By Des Moore - posted Wednesday, 30 April 2008


The announcement by the new federal Labor government that it proposes an “education revolution” has received wide attention. Various measures scheduled for implementation are proposed as necessary to lift the standard of education. These include the provision of a computer for every school student in years 9-12; a program involving high quality early childhood education and care, with an increase in the child care tax rebate to 50 per cent and universal health and education centres for all under five; an increase in school retention rates from 75 to 90 per cent by 2020, with a four-year minimum funding guarantee to the States and the establishment of new trade training centres at secondary schools; the establishment of a national curriculum; and a phasing out of full-fee paying undergraduate places accompanied by an increase in Commonwealth supported places at universities.

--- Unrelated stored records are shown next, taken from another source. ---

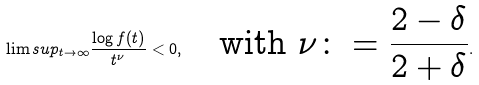Convert formula to latex. <formula><loc_0><loc_0><loc_500><loc_500>\lim s u p _ { t \to \infty } \frac { \log f ( t ) } { t ^ { \nu } } < 0 , \quad \text {with $\nu\colon=\frac{2-\delta}{2+\delta}$} .</formula> 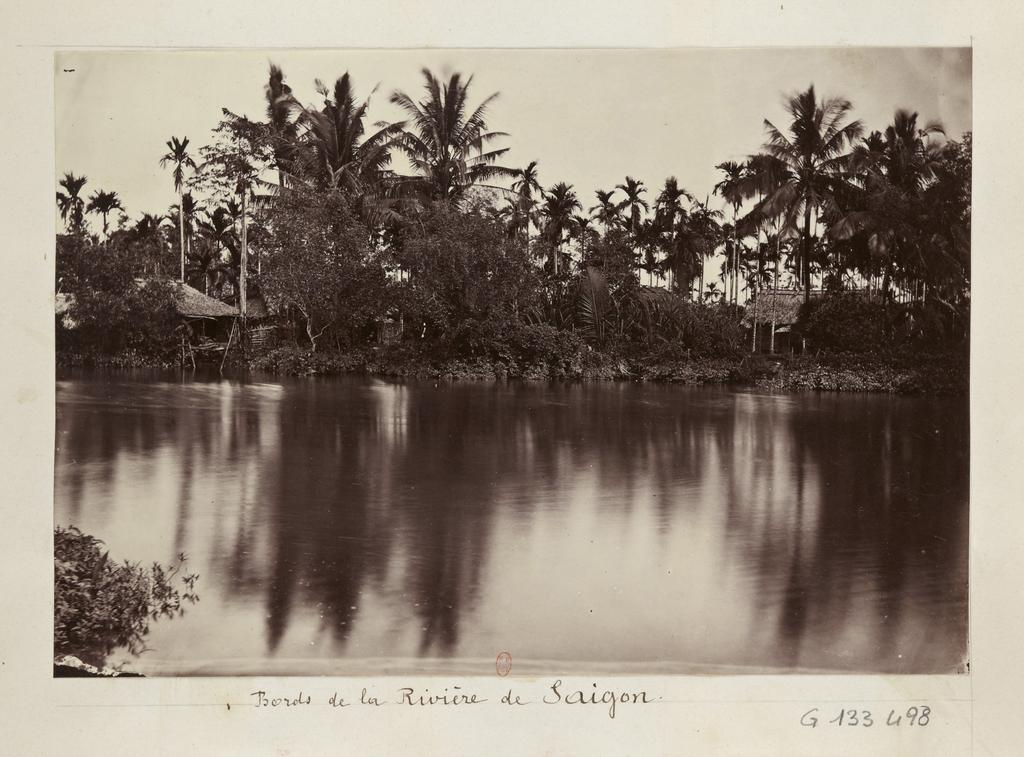What body of water is present in the image? There is a lake in the image. Are there any structures near the lake? Yes, there are houses beside the lake. What type of vegetation can be seen in the image? There are trees in the image. What shape is the glass of water on the table in the image? There is no glass of water present in the image; it only features a lake, houses, and trees. 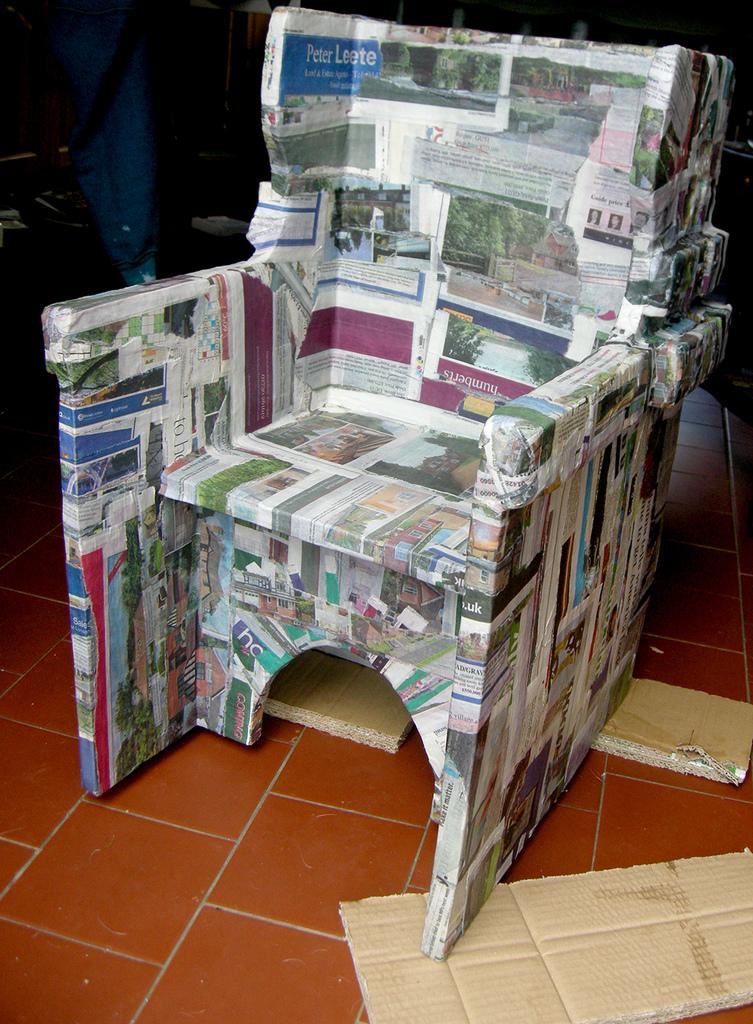What material is the floor made of in the image? The floor in the image is made of marble. What type of furniture can be seen in the image? There is a chair in the image. What is covering the chair in the image? A newspaper is pasted onto the chair. What is supporting the chair in the image? There are cardboard pieces at the bottom of the chair. How many cats are sitting on the gate in the image? There are no cats or gates present in the image.

There is ample evidence of the need for major policy changes that would lift the standard of education. This includes the latest National Report on Schooling showing 20 per cent of year 7 students do not meet national numeracy benchmarks and a further 11 per cent without basic reading skills.

Another recent survey by academics suggests a decline in standards over the past 25-30 years. Unsurprisingly there is a not unconnected continued drift out of government schools despite those schools having higher teacher-student ratios than their non-government sector counterparts. More money and smaller class sizes are not necessarily the answer.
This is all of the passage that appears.